■ YOUR GOAL:
Transcribe exactly the lines below that begin at the line with "longitude: -71.8394" and stop after the line with "metres per pixel: 8.48", leaving out every picture.

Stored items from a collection
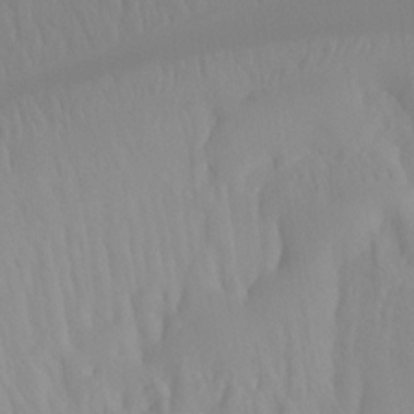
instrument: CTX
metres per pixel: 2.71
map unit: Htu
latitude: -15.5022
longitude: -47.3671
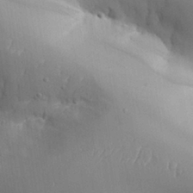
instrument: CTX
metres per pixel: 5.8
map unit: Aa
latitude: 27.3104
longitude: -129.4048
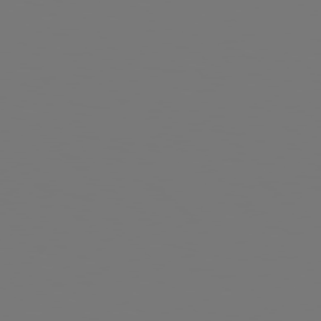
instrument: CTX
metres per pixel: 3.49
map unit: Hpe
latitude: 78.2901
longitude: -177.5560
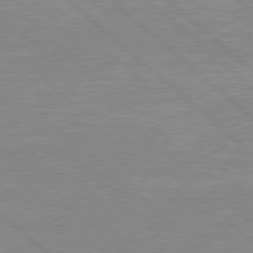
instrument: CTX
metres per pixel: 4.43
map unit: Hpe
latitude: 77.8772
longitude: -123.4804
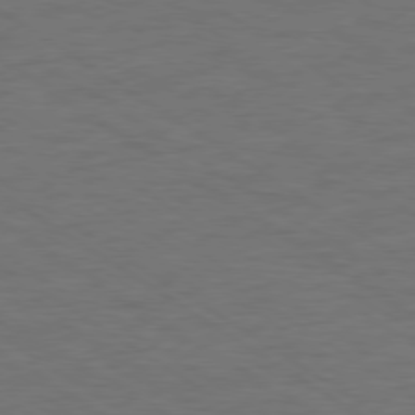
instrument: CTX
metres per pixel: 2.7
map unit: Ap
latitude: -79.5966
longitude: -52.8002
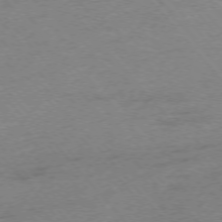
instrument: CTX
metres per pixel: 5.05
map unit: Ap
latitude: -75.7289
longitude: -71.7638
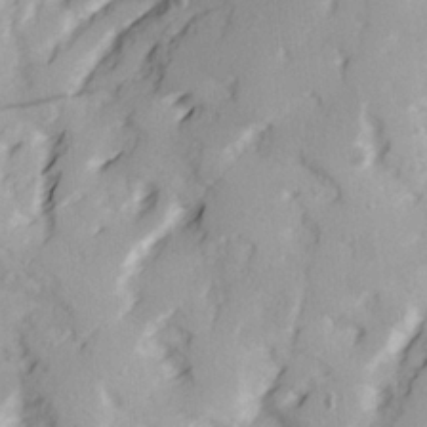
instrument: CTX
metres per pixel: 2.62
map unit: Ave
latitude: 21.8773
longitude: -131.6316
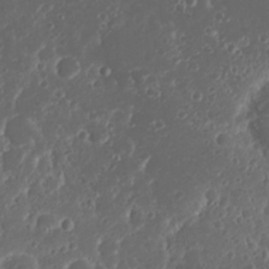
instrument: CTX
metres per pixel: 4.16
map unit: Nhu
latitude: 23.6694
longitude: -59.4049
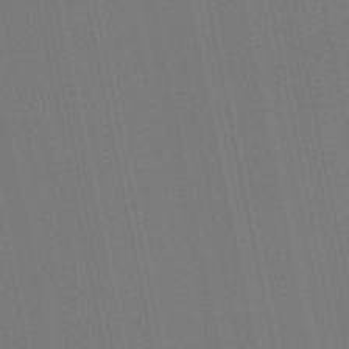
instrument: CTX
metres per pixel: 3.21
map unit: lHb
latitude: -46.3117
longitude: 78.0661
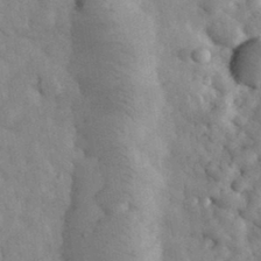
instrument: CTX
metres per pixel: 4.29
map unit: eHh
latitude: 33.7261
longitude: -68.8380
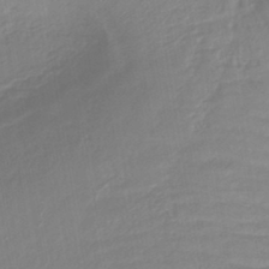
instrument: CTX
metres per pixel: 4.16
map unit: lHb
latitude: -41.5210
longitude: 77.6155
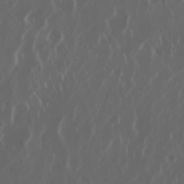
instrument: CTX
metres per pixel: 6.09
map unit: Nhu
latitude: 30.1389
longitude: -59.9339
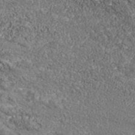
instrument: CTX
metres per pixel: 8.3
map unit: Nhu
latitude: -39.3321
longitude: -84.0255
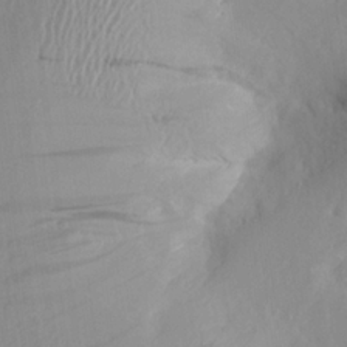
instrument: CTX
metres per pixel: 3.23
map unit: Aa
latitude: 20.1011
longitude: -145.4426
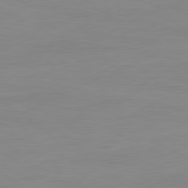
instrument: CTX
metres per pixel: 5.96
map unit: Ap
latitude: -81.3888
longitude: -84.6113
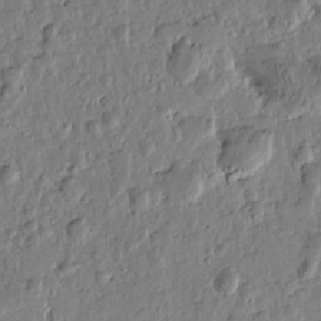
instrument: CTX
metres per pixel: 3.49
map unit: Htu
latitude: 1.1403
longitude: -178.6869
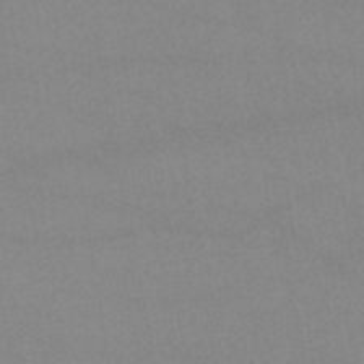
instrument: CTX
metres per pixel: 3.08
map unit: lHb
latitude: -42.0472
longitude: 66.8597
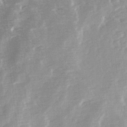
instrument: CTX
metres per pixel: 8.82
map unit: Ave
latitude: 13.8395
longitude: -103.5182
==
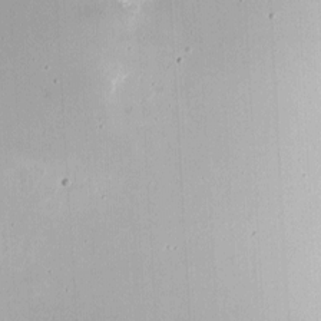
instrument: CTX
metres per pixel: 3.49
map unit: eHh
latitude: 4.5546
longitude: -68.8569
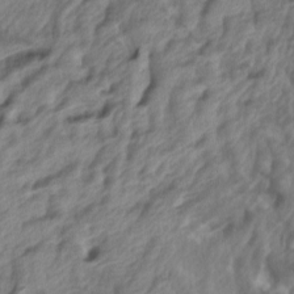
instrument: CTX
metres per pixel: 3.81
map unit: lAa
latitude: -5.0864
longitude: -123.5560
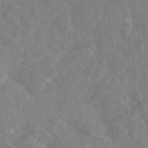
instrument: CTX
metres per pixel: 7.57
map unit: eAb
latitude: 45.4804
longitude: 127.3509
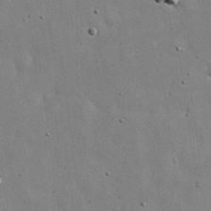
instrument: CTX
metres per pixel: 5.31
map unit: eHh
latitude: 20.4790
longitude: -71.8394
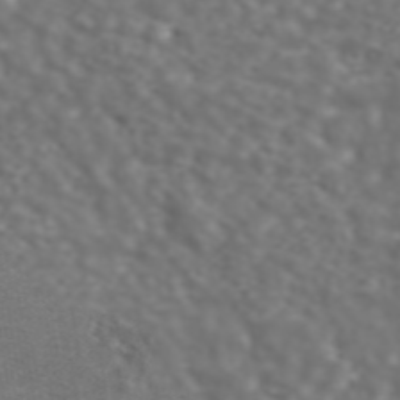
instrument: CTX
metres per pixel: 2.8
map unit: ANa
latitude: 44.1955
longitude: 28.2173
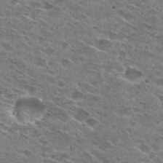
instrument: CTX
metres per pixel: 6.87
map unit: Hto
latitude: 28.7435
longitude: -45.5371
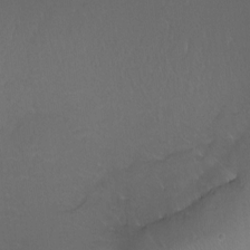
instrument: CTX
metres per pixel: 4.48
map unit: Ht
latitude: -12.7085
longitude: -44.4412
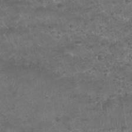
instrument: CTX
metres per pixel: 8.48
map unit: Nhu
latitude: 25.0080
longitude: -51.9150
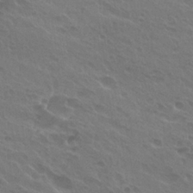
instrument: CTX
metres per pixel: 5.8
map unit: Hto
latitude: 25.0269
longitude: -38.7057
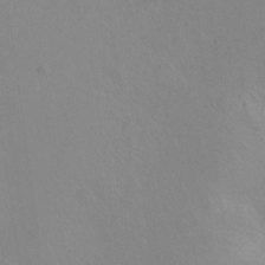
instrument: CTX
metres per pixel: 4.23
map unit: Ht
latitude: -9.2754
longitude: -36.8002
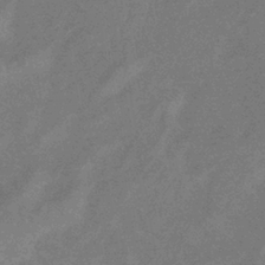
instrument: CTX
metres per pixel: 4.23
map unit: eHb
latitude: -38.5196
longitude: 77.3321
==
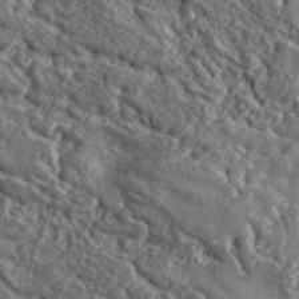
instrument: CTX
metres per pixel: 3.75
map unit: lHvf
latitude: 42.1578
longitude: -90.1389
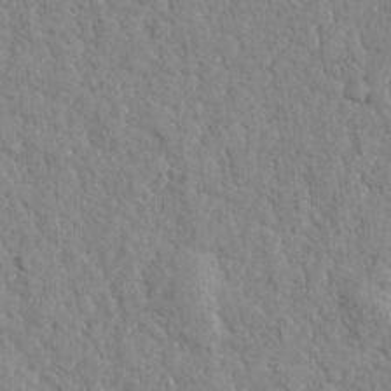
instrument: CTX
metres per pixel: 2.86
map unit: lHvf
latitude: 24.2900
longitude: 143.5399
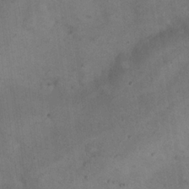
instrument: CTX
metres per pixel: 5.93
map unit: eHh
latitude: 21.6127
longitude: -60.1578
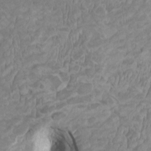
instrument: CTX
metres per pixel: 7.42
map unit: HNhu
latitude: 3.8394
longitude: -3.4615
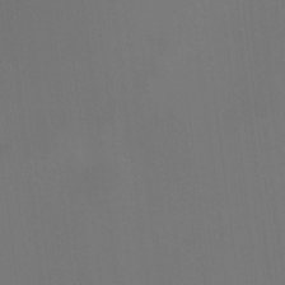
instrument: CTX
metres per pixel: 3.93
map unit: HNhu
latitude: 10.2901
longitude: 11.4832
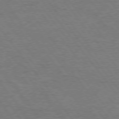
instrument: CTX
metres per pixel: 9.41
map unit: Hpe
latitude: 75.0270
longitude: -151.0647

■ PROBLEM SOLUTION:
longitude: -71.8394
instrument: CTX
metres per pixel: 2.8
map unit: ANa
latitude: 44.1955
longitude: 28.2173
instrument: CTX
metres per pixel: 6.87
map unit: Hto
latitude: 28.7435
longitude: -45.5371
instrument: CTX
metres per pixel: 4.48
map unit: Ht
latitude: -12.7085
longitude: -44.4412
instrument: CTX
metres per pixel: 8.48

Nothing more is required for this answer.